El cierre contable mensual es una actividad fundamental para cualquier empresa, ya que permite verificar que todas las operaciones del período hayan sido registradas correctamente y que la información financiera refleje la realidad del negocio. Un proceso ordenado no solo facilita el cumplimiento de las obligaciones tributarias ante la SUNAT, sino que también proporciona datos confiables para evaluar el desempeño de la empresa y tomar mejores decisiones.
Una de las primeras recomendaciones es registrar oportunamente todas las operaciones realizadas durante el mes. Las ventas, compras, pagos, cobros y demás movimientos deben contabilizarse de forma completa y dentro del período que corresponde. De esta manera, se evita que la información financiera presente omisiones o inconsistencias que puedan afectar las declaraciones tributarias.
Asimismo, es importante realizar la conciliación bancaria. Comparar los registros contables con los estados de cuenta emitidos por las entidades financieras permite detectar diferencias, errores de registro o movimientos pendientes de contabilizar. Esta práctica fortalece el control del efectivo y reduce el riesgo de observaciones futuras.
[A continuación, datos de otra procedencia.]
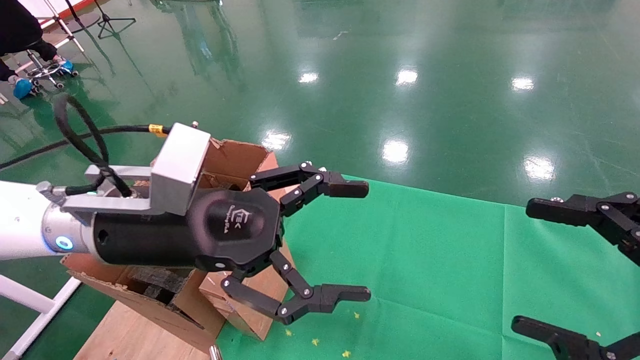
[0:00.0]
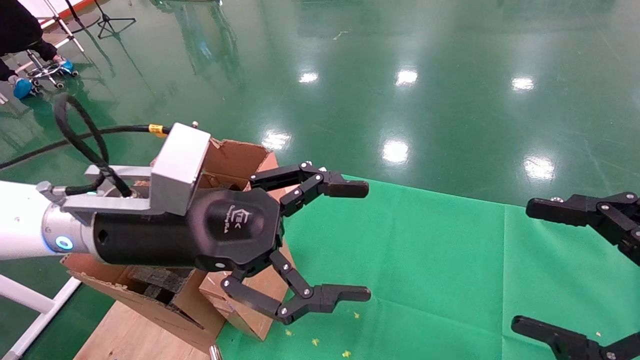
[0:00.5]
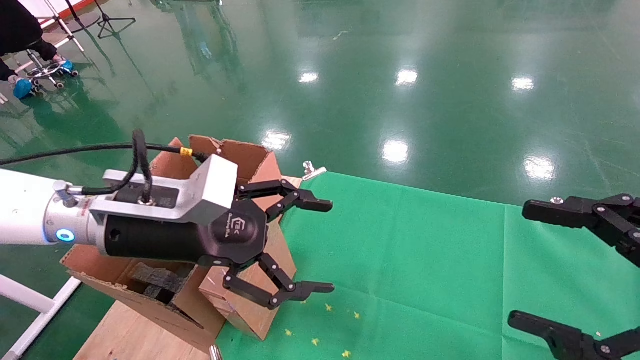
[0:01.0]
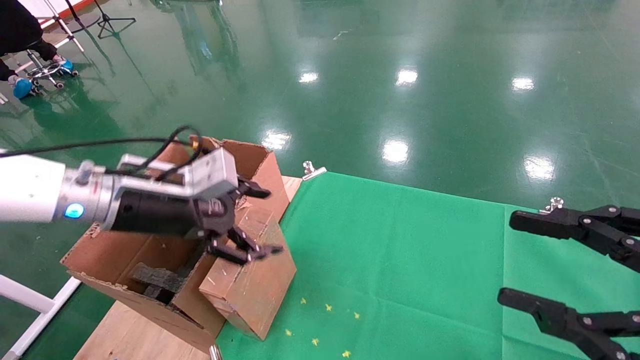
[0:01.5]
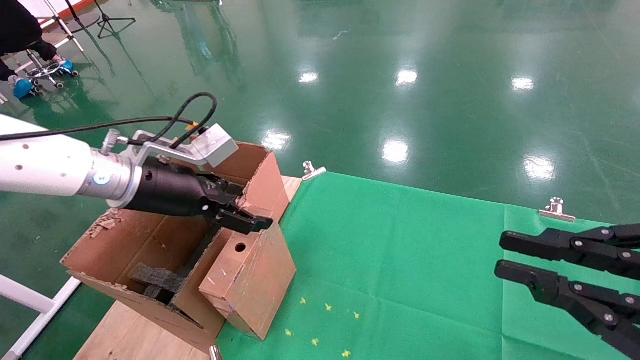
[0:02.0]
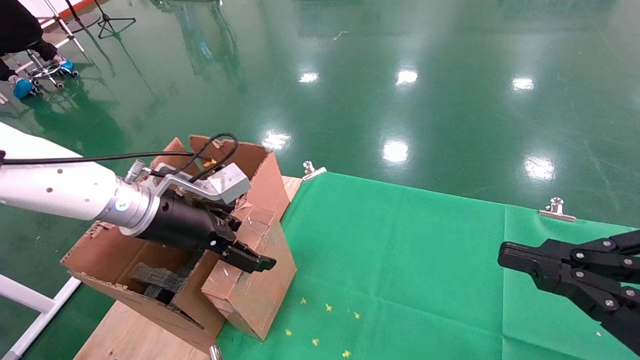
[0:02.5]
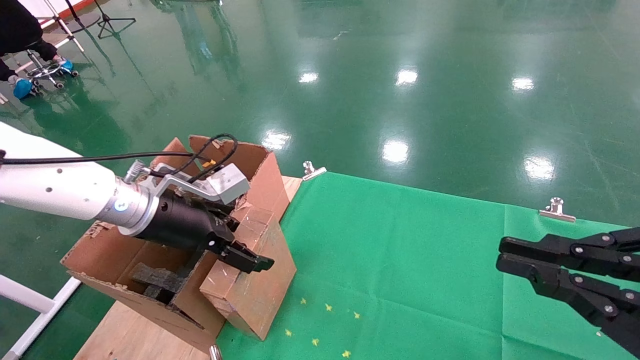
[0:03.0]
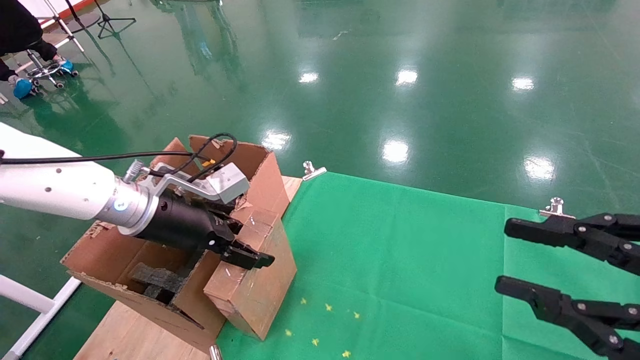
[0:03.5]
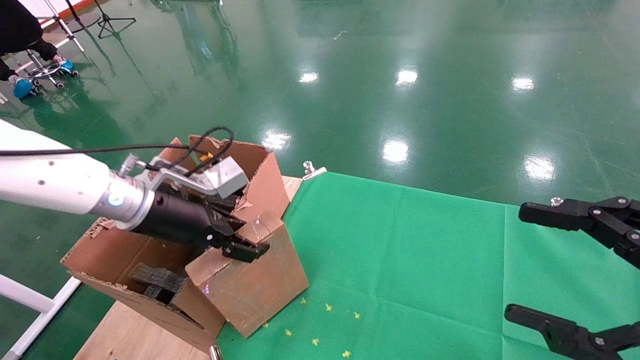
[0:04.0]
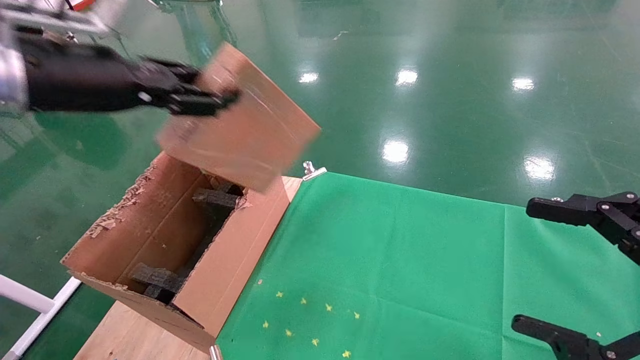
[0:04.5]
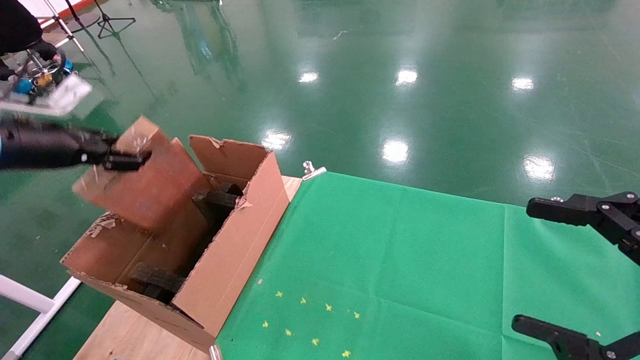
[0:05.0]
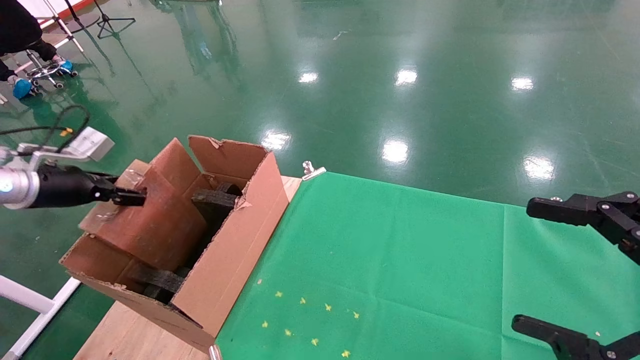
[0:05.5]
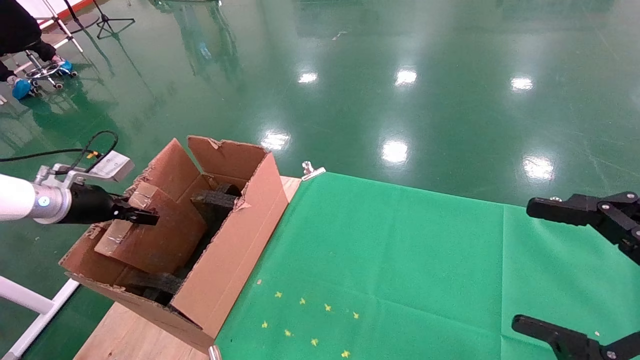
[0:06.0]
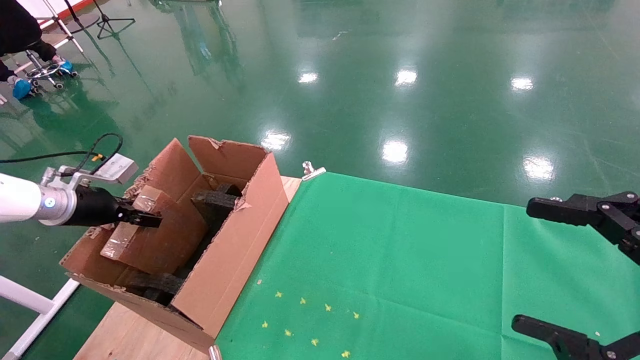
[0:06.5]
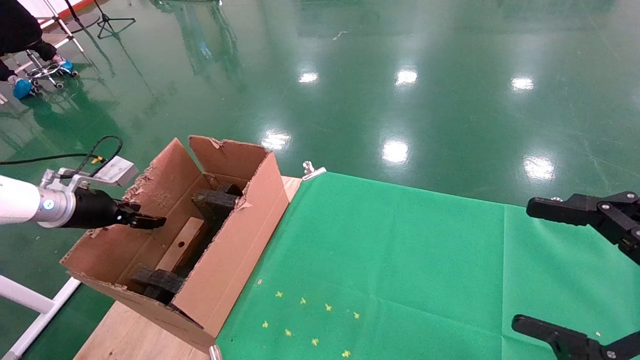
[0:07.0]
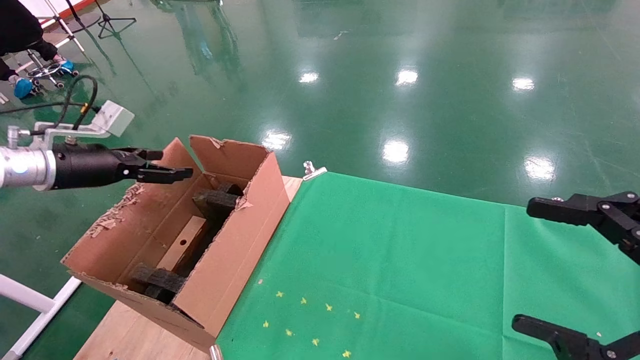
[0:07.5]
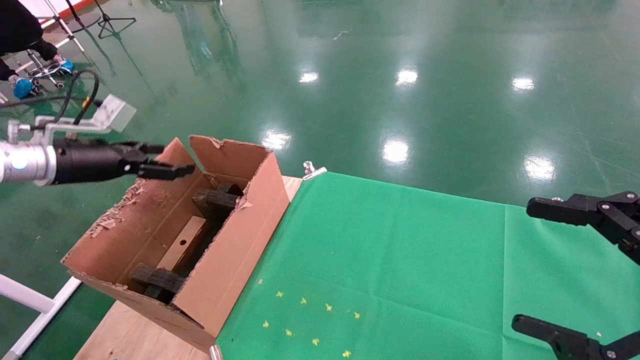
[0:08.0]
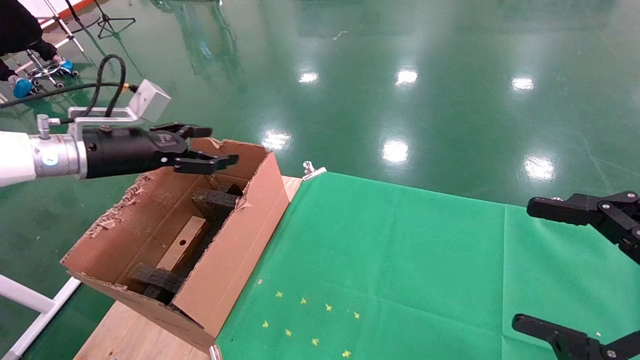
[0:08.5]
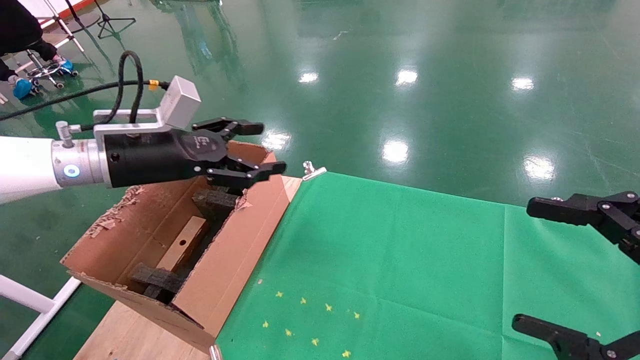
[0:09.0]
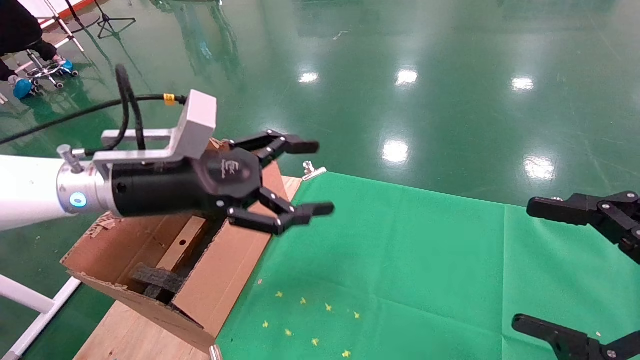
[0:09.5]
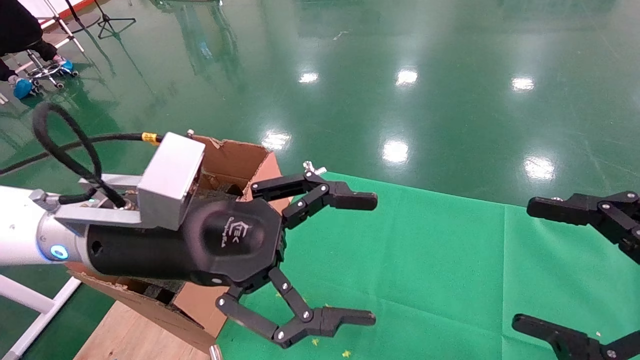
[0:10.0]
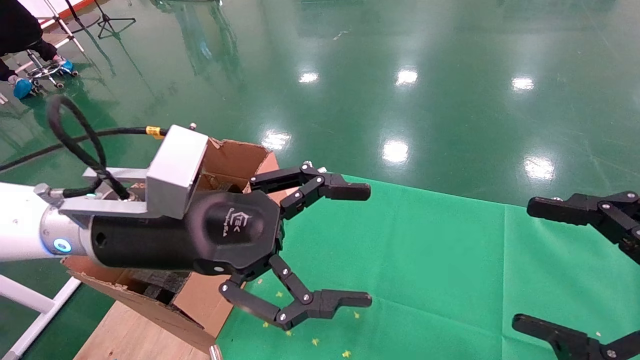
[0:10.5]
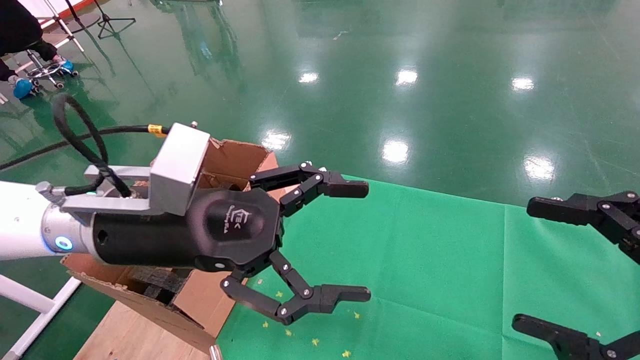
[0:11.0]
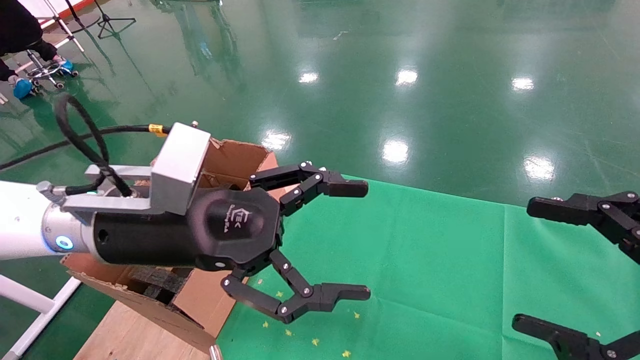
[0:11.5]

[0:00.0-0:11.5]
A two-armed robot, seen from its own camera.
Task of the whole recording: using a robotic arm to pick up a cardboard box and palace it the carton.
Step, 0:01.5 to 0:03.5: Pick up the mouse and the power cord paper box.
Step, 0:04.0 to 0:06.5: Place the mouse and the power cord paper box into the container.
0:00.0 to 0:02.0: The right gripper closes; the left gripper travels forward and to the left by roughly 10 cm.
0:02.0 to 0:04.0: The left gripper closes. Meanwhile the right gripper opens up.
0:04.0 to 0:06.0: The left gripper is displaced to the left by some 25 cm.
0:06.0 to 0:07.5: The left gripper goes roughly 5 cm upward, and opens its fingers.
0:07.5 to 0:09.5: The left gripper moves to the right, approximately 25 cm.
0:09.5 to 0:11.5: The left gripper moves backward, some 5 cm.

Otro aspecto que no debe pasarse por alto es la revisión de las cuentas por cobrar y por pagar. Verificar que los saldos sean correctos ayuda a mantener un adecuado control de la liquidez de la empresa y facilita el seguimiento de clientes y proveedores.
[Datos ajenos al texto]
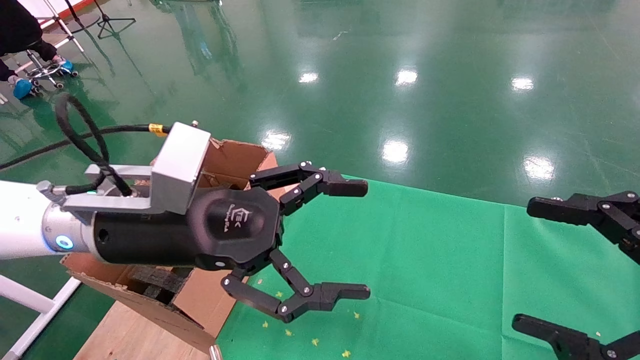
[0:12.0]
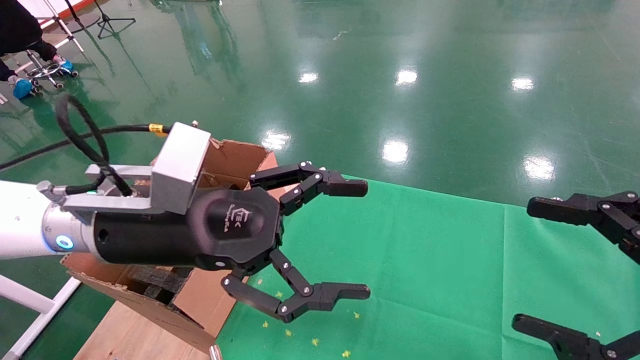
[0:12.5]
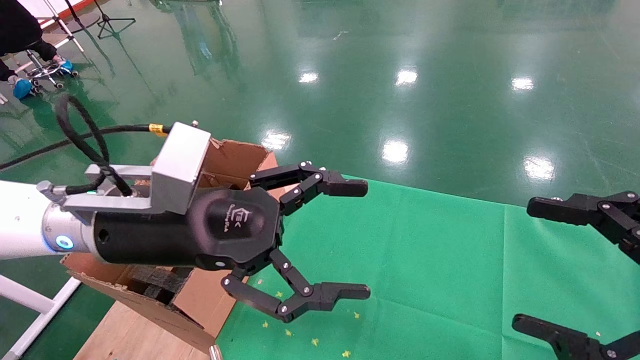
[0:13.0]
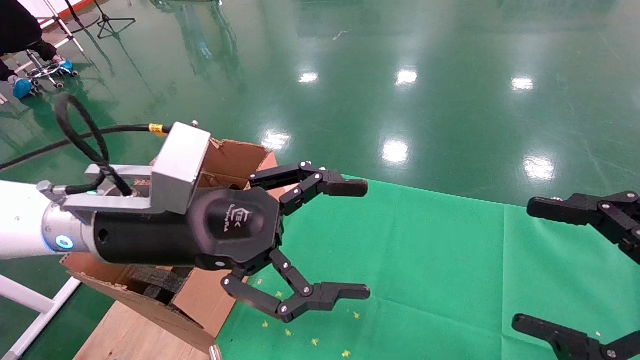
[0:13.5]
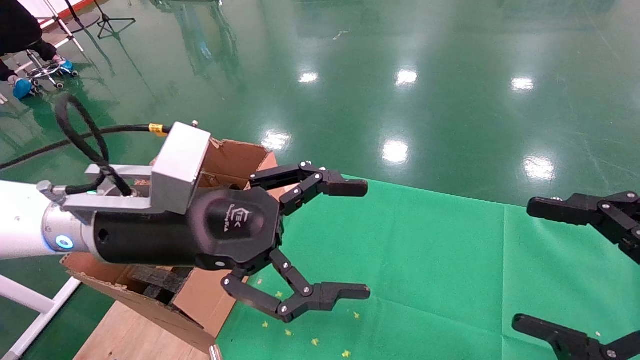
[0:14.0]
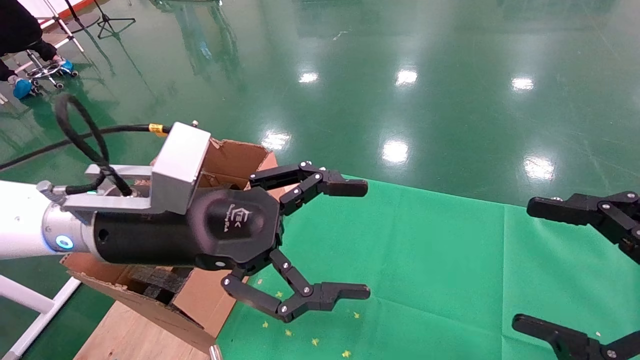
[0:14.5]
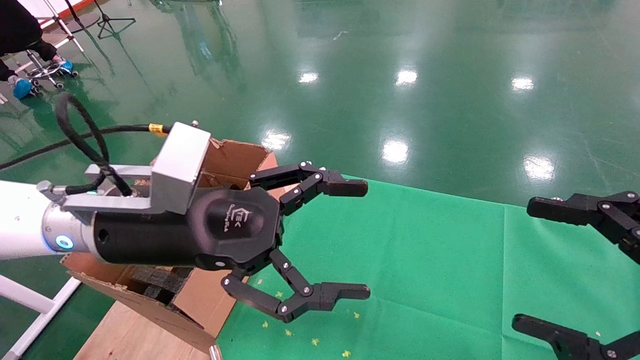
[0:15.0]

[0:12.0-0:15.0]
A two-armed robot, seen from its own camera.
Task of the whole recording: using a robotic arm to pick up a cardboard box and palace it the carton.
0:12.0 to 0:15.0: Both grippers stay about where they are.

En las empresas que manejan inventarios, resulta recomendable contrastar periódicamente las existencias físicas con los registros contables. Este procedimiento permite identificar faltantes, sobrantes o diferencias que podrían afectar tanto los estados financieros como la determinación de los impuestos.
Antes de presentar las declaraciones tributarias, también es conveniente revisar el registro de compras y ventas, validar los libros electrónicos y registrar los ajustes necesarios, como depreciaciones o provisiones. Estas revisiones reducen la posibilidad de cometer errores que posteriormente obliguen a rectificar declaraciones o atender requerimientos de la administración tributaria.
Finalmente, elaborar una lista de verificación o checklist para el cierre mensual ayuda a estandarizar el proceso y evita que alguna actividad importante quede pendiente. Este tipo de herramientas mejora la organización del trabajo y hace que el cierre sea más rápido y eficiente.
En conclusión, un cierre contable mensual bien ejecutado no solo permite cumplir con las obligaciones tributarias, sino que también contribuye a una mejor gestión financiera. Adoptar estas buenas prácticas ayudará a reducir errores, optimizar procesos y disponer de información confiable para la toma de decisiones.